10/10/10 puppy outing - a set on Flickr


----------



## SerenityFL (Sep 28, 2010)

Green grass, bright sunshine, blue sky and happy, playing dogs. Does it get any better?


----------



## Mia (Oct 4, 2010)

Love your pitties!!! SO adorable!
They looked so happy and free! Thanks for sharing!!


----------



## DaneMama (Jun 27, 2008)

Such good photos and gorgeous doggies! Thanks for sharing!


----------



## RachelsaurusRexU (Sep 4, 2010)

Thanks, guys! It was the first time we have ever been to that field and we'll definitely be going again!

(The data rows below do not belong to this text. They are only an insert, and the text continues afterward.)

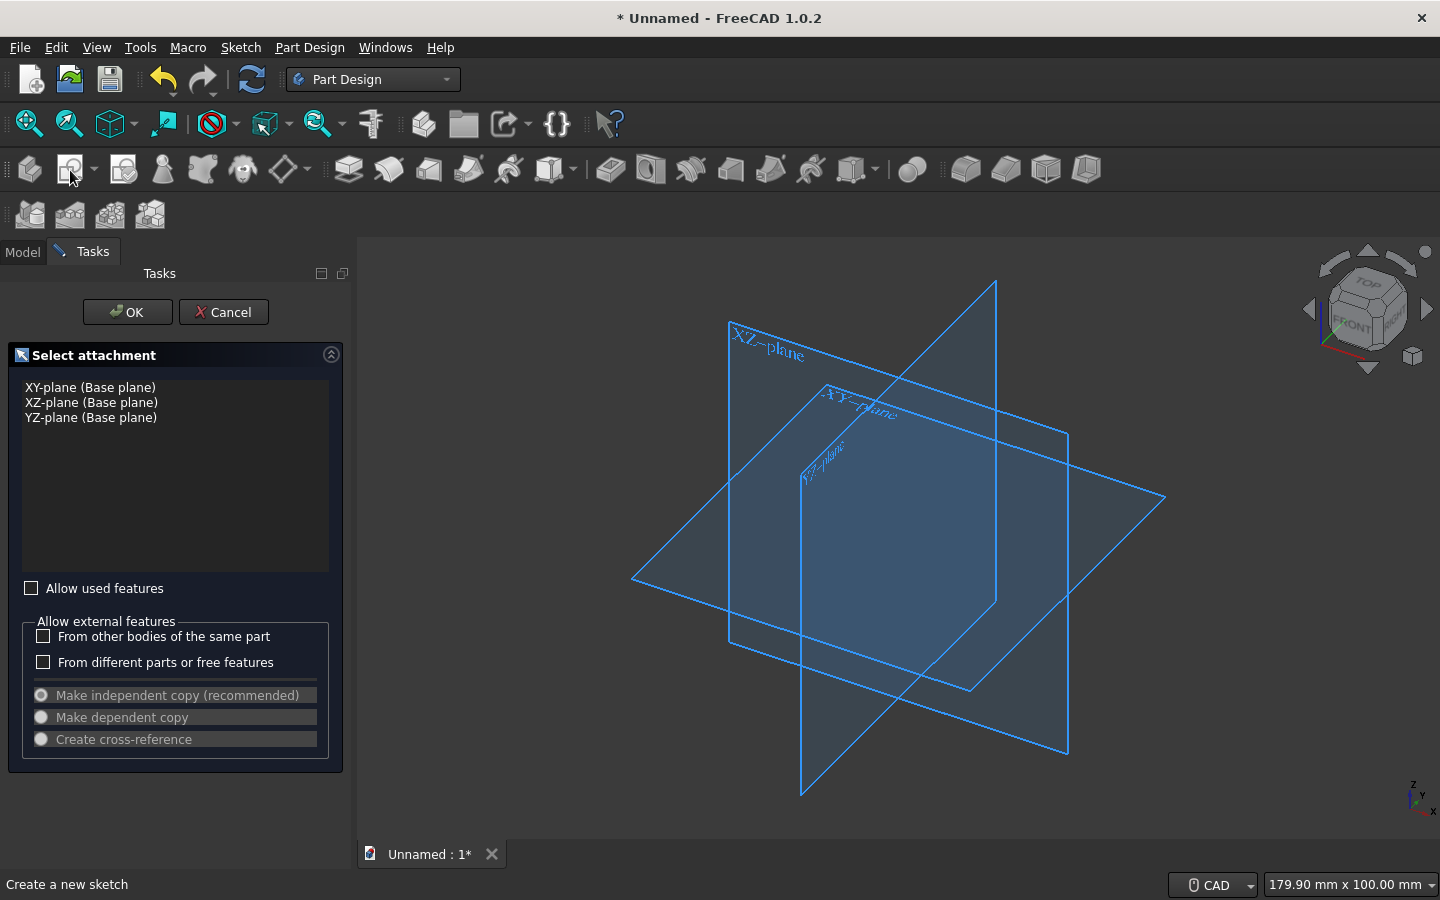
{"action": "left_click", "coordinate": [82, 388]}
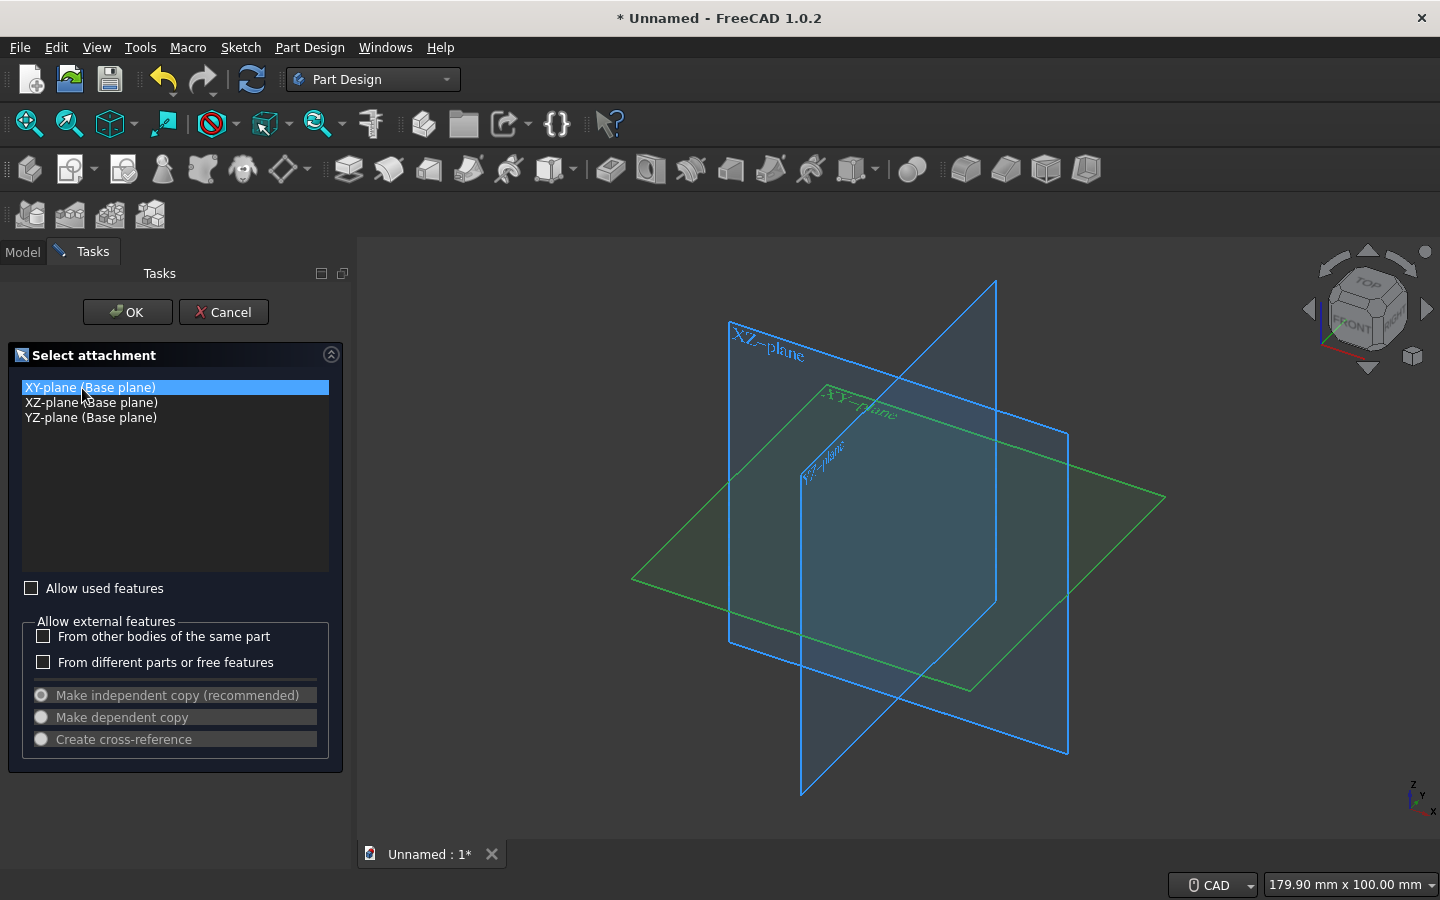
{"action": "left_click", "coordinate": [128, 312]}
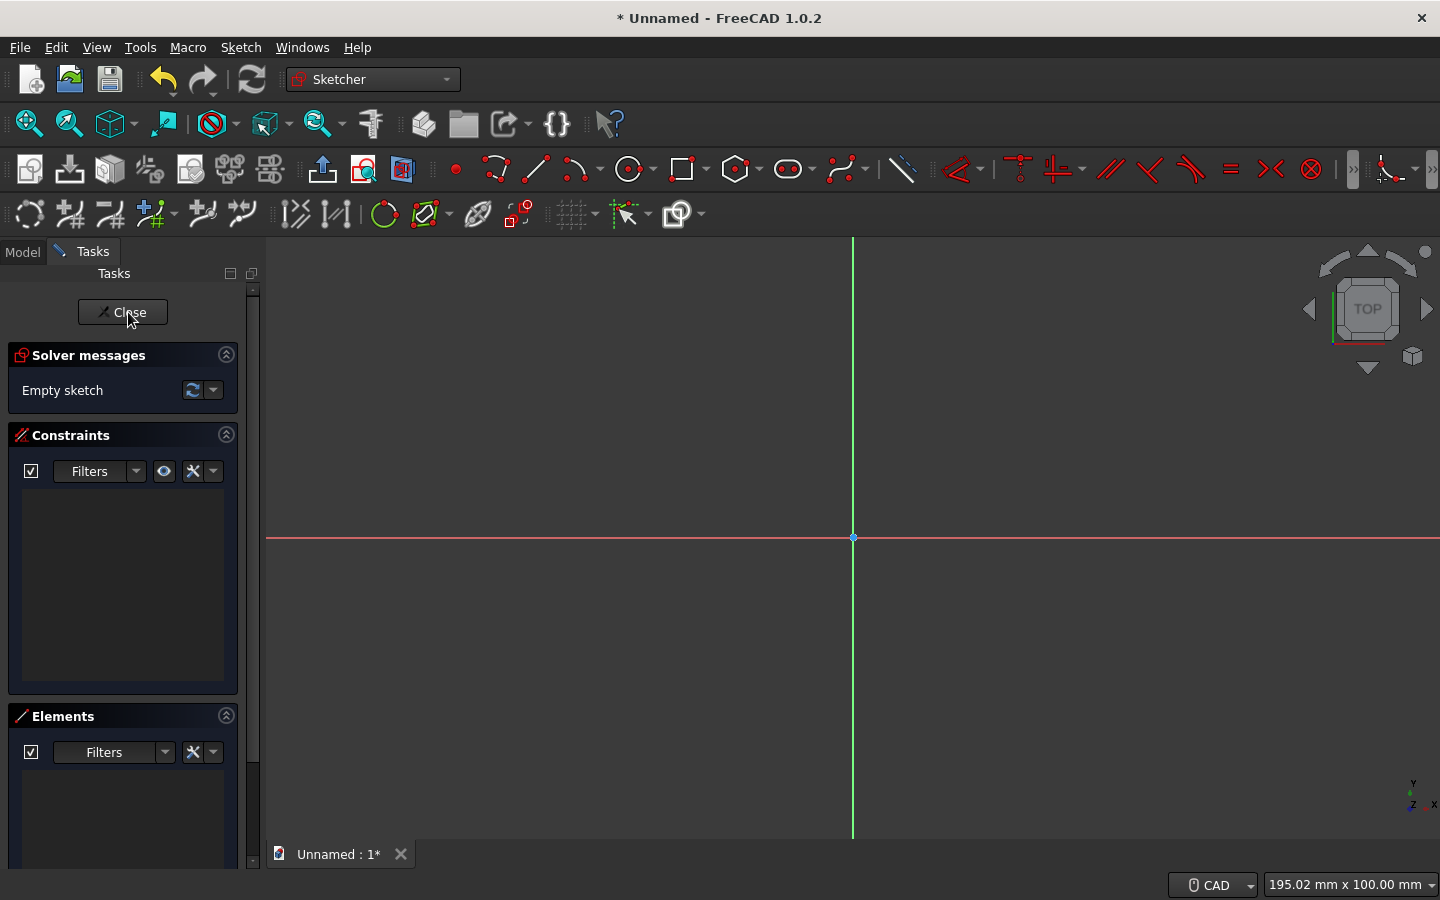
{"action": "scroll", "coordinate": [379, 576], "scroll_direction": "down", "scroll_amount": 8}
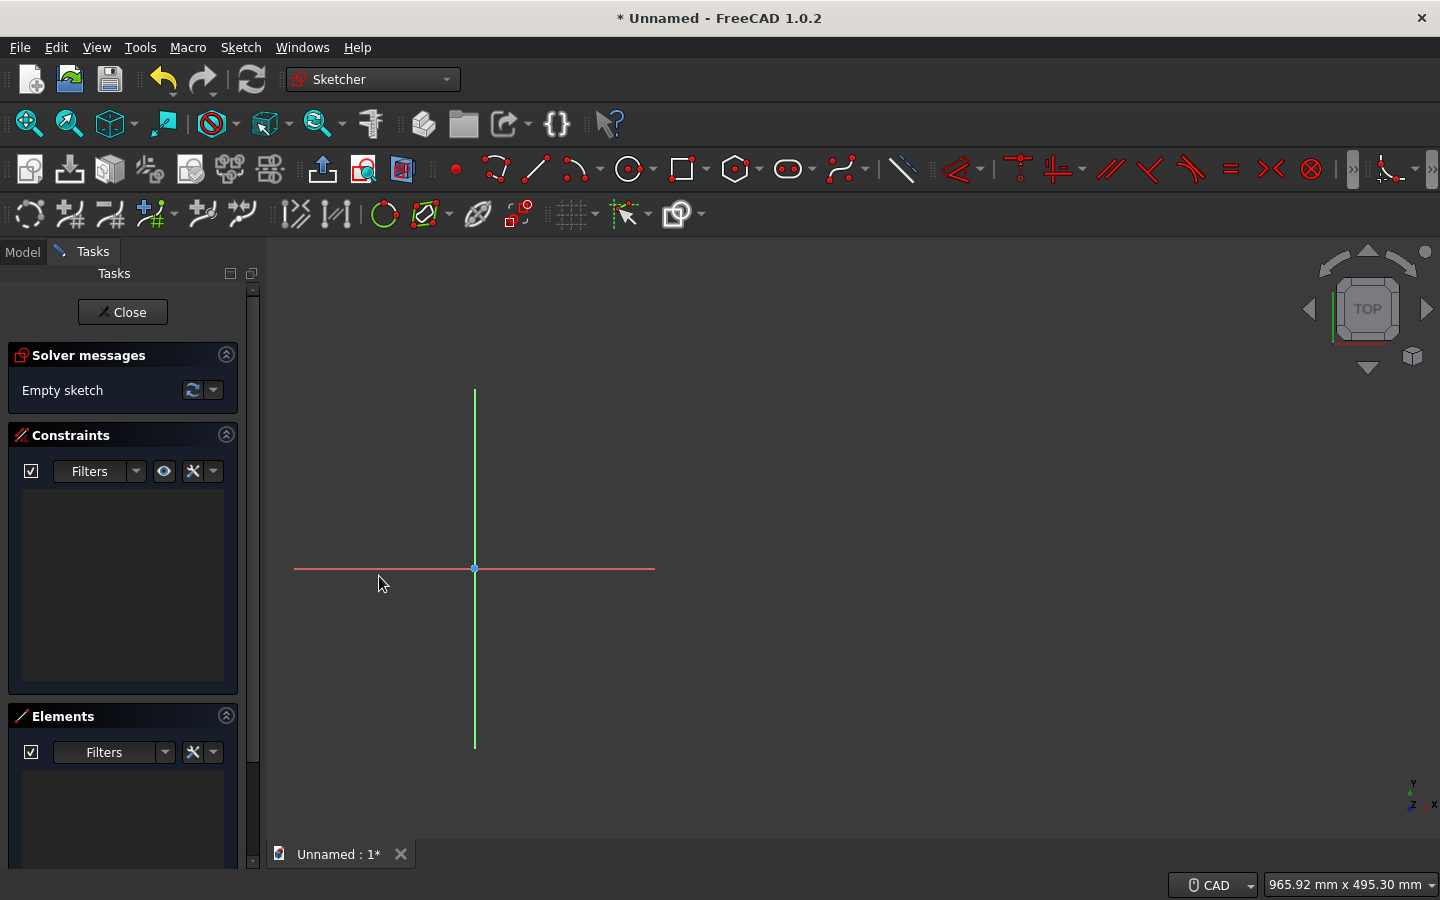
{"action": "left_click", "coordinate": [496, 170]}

They sure did have a blast and they were so beat when we got home. That makes me a very happy momma, haha!


----------



## Mia (Oct 4, 2010)

They look like they are in their glory!! The grass is SOOO green there.


----------



## Khan (Jan 17, 2010)

Great pics. They are having such a good time.


----------



## redspoo (Mar 19, 2010)

What great photos! Love their collars too. Nothing better than
watching your dogs being dogs. Love it! Thanks for sharing.


----------



## RachelsaurusRexU (Sep 4, 2010)

:biggrin: Thank you!

As far as the super green grass, I think my boyfriend must have enhanced the colors a bit after he uploaded the pics! Granted, it was a high school field so it was pretty green to begin with!


----------



## luvMyBRT (Mar 8, 2010)

Great pics.! Gorgeous dogs. I can tell they are very happy. Thanks for sharing. :biggrin:


----------



## Spaz (Sep 3, 2009)

Great pictures. Love your bullies! :smile:


----------